Benzer bir tartışma şu an Kuzey Irak'ta devam ediyor. İki dönemdir bölge başkanlığı yapan Mesut Barzani eylüldeki seçimde aday olamayacak. Ancak şimdiden yasaları farklı yorumlayarak görevde kalmayı amaçlıyor. Oysa lideri olduğu KDP'yle Talabani'nin KYB'sinde birçokları bu durumdan rahatsız. Onlara göre Kürt Federe Bölgesi'nin başkanlığına kendilerinden biri seçilmeli. Barzani'ye karşı olan başka gruplar da var.
İRAN KARIŞABİLİR
Kuzey Irak'taki demokrasi tartışması doğal olarak Türkiye'yi ilgilendiriyor. Çünkü Barzani Ankara'nın stratejik müttefiki. Üstelik Ankara'ya göre, PKK ya da onun yandaşı PYD Suriye'de güçlenirse, Barzani onları dengeleyebilir. İran'daysa durum farklı. PKK yandaşı PEJAK'ın etkin olduğu İran Kürdistanı'nda dengeler daha çok Öcalan lehine. Tıpkı Suriye ve Irak Kürdistanı'nın genç kesimleri arasında olduğu gibi. Çünkü Iraklı genç Kürtler, Barzani ve Talabani'cilerin yolsuzluk hikâyelerinden bıktı. İşte tüm bunları gören Öcalan, bölgesel Kürt hareketinin ya da İran, Türkiye, Suriye ve Irak'ın federal bölgelerinden oluşabilecek bir "Demokrtatik Kürt Konfederasyonu"nun lideri olma hesapları yapabilir. Nasıl olsa herkes demokrasi istiyor, insan haklarından söz ediyor. İnsan haklarının başında, özgürce düşünüp hayal kurma hakkı gelir. Öcalan da bunu yapıyor. Bir de dışarı çıktı mı, işi daha kolay olacak.. Çünkü medyayla konuşacak ve gerektiğinde seçim ya da referandum turlarına katılacak.
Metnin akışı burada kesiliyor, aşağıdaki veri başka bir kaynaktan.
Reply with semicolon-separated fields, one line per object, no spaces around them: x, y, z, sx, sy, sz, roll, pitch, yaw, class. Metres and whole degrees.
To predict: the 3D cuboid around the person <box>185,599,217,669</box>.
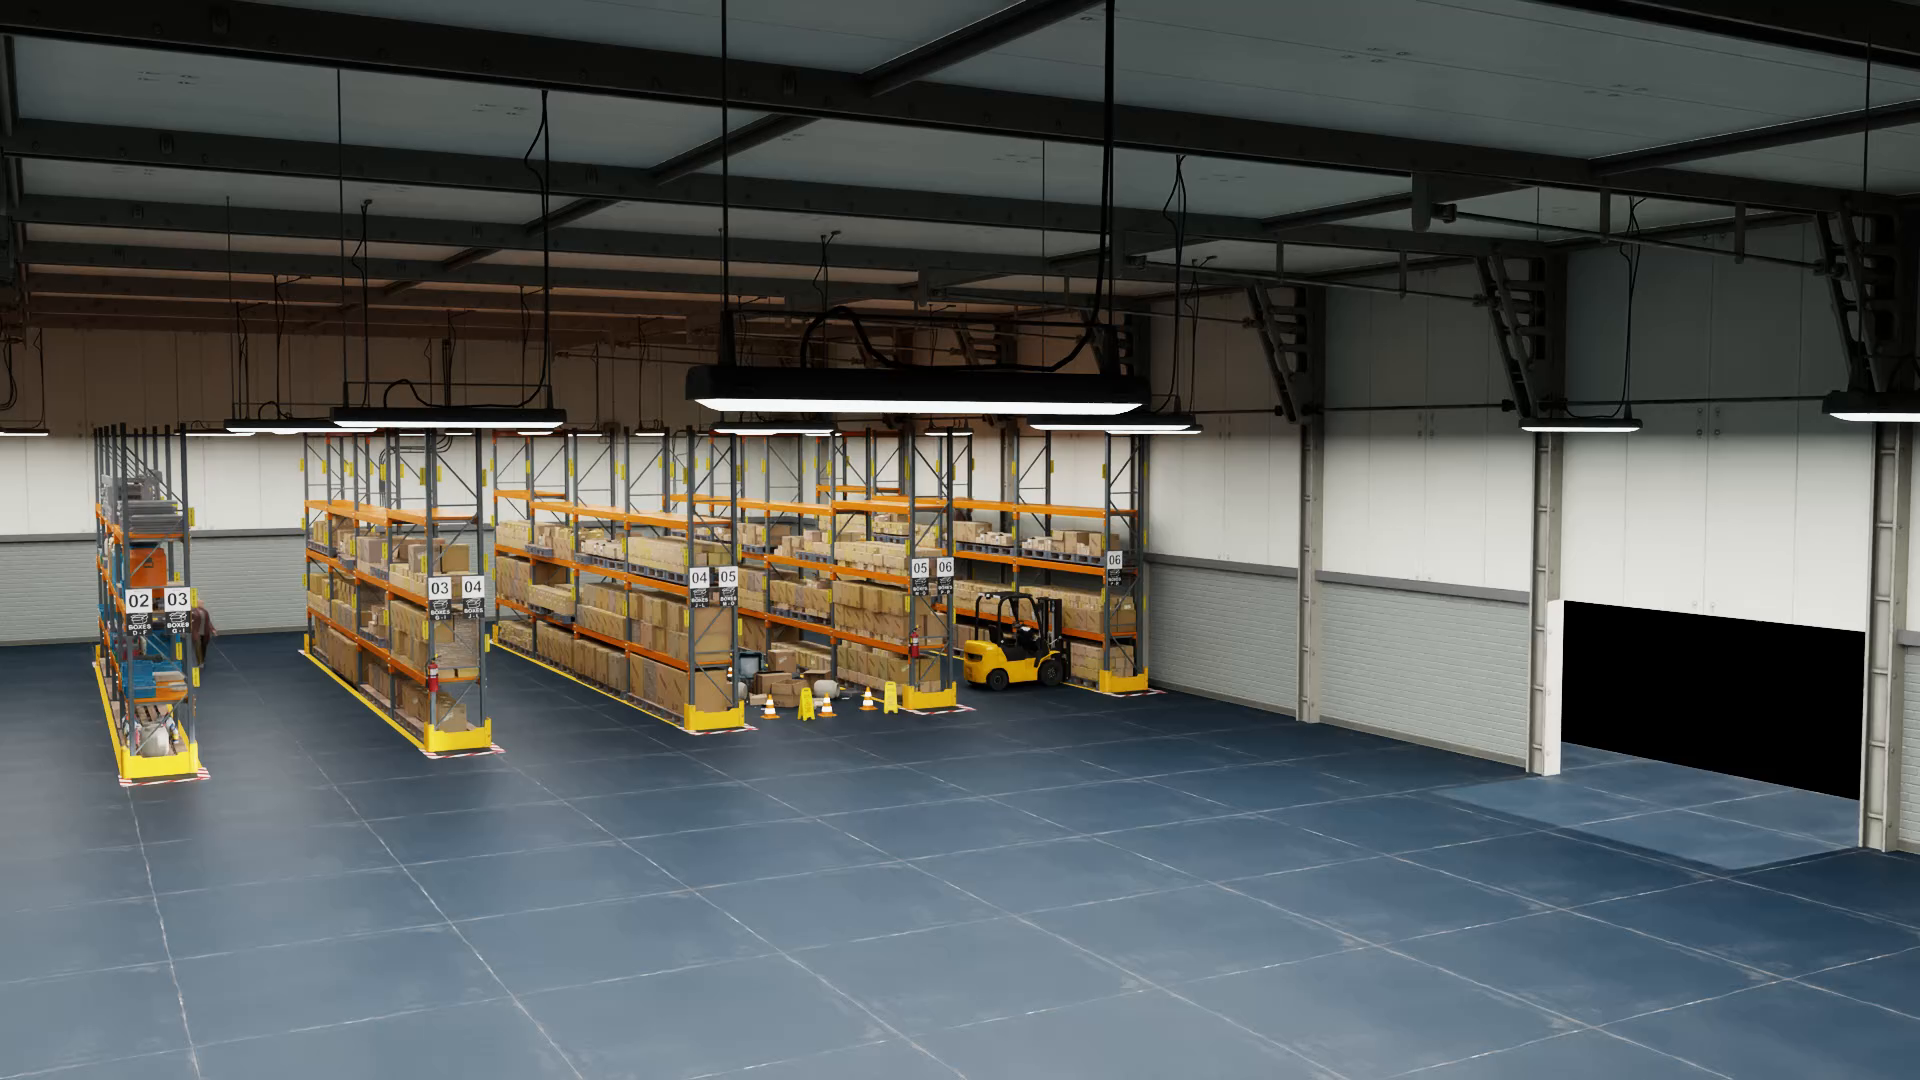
-18.953;2.335;41.500;0.729;1.725;1.129;-3;4;-37;person

Bunu yalnızca Türkiye'de değil Suriye, İran ve Irak'ta da yapabilir. Esad'ın gitmesi ya da Suriye'nin parçalanması sonrasında bu çok daha kolay olur. İran'daki durumsa, haziranda yapılacak ve kargaşa beklenen başkanlık seçimlerinden sonra netleşir. Kuzey Irak herşeye gebe. Ama kim ne derse desin, belirleyici olan Türkiye'deki gelişmeler. Öcalan da bunu çok iyi biliyor.